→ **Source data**
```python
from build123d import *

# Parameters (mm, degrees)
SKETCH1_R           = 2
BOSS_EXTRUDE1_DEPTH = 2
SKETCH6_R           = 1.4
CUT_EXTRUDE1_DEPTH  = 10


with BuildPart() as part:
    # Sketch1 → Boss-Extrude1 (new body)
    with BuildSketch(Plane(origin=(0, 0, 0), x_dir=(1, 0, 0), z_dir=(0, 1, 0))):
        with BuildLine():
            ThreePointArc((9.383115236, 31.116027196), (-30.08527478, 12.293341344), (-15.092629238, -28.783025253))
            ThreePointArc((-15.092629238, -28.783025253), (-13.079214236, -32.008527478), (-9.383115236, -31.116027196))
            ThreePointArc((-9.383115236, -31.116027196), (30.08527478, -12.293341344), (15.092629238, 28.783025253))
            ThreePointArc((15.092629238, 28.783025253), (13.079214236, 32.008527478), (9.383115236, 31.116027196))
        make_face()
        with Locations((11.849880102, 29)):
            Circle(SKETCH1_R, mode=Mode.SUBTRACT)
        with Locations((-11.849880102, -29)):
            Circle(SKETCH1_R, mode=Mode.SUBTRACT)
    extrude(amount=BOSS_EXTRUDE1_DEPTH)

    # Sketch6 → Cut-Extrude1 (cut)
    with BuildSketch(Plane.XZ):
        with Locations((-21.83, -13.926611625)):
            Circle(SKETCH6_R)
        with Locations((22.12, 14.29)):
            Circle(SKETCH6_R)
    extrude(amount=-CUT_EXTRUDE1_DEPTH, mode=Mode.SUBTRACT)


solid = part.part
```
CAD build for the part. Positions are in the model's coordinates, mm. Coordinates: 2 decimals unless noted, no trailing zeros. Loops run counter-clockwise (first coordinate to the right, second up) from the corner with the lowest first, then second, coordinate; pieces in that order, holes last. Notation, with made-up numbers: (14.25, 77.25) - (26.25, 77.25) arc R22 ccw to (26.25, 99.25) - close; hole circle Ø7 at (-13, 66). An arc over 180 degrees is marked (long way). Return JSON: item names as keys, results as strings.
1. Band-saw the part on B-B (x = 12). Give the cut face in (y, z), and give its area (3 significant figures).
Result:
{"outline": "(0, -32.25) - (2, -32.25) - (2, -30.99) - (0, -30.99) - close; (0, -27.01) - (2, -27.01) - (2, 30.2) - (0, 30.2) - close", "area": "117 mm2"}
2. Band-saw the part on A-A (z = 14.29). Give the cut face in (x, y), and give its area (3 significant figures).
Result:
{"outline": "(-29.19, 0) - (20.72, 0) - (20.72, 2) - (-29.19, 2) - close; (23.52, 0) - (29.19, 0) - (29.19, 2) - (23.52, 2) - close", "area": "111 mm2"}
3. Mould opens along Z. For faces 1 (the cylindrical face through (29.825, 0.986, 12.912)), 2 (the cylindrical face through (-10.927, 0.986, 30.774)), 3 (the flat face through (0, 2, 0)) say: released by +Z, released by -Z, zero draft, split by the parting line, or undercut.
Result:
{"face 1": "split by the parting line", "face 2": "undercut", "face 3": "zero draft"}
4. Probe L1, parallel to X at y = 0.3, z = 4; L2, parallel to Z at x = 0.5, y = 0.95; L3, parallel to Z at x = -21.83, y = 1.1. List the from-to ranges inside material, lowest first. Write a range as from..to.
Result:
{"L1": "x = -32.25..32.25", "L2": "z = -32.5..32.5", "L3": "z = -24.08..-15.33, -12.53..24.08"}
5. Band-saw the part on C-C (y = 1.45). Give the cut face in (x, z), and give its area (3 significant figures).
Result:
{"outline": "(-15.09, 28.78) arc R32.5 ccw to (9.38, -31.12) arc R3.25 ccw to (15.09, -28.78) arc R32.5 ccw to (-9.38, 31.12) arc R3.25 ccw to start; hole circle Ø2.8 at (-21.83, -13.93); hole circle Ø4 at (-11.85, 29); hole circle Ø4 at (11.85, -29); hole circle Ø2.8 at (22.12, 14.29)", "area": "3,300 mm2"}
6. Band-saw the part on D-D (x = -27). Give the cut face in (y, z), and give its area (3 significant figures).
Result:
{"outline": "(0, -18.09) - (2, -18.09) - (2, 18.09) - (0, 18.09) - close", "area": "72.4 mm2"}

...

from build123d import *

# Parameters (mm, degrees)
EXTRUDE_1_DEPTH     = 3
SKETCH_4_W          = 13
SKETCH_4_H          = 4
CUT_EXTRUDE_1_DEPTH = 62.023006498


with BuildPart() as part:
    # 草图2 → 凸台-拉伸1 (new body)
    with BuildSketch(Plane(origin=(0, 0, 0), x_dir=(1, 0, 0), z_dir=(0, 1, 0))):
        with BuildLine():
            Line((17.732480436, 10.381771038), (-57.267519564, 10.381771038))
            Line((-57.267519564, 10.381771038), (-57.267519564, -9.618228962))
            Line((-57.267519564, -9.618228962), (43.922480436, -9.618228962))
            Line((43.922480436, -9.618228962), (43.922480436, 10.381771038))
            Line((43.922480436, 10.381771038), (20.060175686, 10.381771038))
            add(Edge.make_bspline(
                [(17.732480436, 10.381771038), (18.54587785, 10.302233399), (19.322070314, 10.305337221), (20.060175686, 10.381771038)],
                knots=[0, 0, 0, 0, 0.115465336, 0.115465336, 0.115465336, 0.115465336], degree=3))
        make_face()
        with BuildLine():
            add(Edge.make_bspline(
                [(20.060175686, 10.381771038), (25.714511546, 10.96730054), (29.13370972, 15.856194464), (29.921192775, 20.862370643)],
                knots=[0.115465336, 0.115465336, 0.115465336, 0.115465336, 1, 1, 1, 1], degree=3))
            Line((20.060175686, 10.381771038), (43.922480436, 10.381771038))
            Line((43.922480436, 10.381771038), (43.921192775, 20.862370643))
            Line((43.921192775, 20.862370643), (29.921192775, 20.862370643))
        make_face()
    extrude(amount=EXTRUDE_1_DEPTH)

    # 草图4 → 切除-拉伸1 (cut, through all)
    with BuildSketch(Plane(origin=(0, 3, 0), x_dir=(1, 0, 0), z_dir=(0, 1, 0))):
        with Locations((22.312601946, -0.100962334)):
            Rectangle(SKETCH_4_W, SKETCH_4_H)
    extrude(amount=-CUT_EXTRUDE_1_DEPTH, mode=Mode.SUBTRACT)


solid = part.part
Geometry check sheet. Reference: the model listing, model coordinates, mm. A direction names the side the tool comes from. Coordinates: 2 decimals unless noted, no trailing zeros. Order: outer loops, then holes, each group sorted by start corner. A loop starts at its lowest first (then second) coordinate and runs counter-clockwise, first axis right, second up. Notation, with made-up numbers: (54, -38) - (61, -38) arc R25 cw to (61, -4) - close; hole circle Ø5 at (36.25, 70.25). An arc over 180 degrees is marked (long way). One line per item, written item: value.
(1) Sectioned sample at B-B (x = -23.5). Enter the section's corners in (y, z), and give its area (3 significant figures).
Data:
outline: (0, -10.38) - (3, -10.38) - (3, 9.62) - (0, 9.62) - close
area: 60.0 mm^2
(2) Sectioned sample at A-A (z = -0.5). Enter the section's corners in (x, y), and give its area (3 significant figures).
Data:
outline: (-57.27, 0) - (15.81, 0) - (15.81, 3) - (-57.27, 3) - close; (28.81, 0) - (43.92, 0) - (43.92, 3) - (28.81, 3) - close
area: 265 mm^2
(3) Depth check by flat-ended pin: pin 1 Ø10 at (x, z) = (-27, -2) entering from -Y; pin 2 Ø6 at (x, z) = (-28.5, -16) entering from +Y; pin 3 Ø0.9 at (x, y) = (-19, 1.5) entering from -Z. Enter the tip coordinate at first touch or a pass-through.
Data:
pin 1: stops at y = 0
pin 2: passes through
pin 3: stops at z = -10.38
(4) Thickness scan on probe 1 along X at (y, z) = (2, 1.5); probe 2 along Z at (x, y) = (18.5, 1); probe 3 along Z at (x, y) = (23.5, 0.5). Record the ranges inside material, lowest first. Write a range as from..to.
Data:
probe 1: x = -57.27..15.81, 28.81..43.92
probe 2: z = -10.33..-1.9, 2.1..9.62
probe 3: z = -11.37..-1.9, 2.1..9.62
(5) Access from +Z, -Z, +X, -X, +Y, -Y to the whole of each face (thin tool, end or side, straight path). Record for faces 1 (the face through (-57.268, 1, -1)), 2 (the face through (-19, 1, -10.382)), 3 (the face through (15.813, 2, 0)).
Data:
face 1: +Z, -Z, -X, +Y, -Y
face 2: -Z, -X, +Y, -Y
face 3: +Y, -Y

→ **Task directions**
Working through the records above, copy each line in which "knots" is found.

→ **Written answer**
                knots=[0, 0, 0, 0, 0.115465336, 0.115465336, 0.115465336, 0.115465336], degree=3))
                knots=[0.115465336, 0.115465336, 0.115465336, 0.115465336, 1, 1, 1, 1], degree=3))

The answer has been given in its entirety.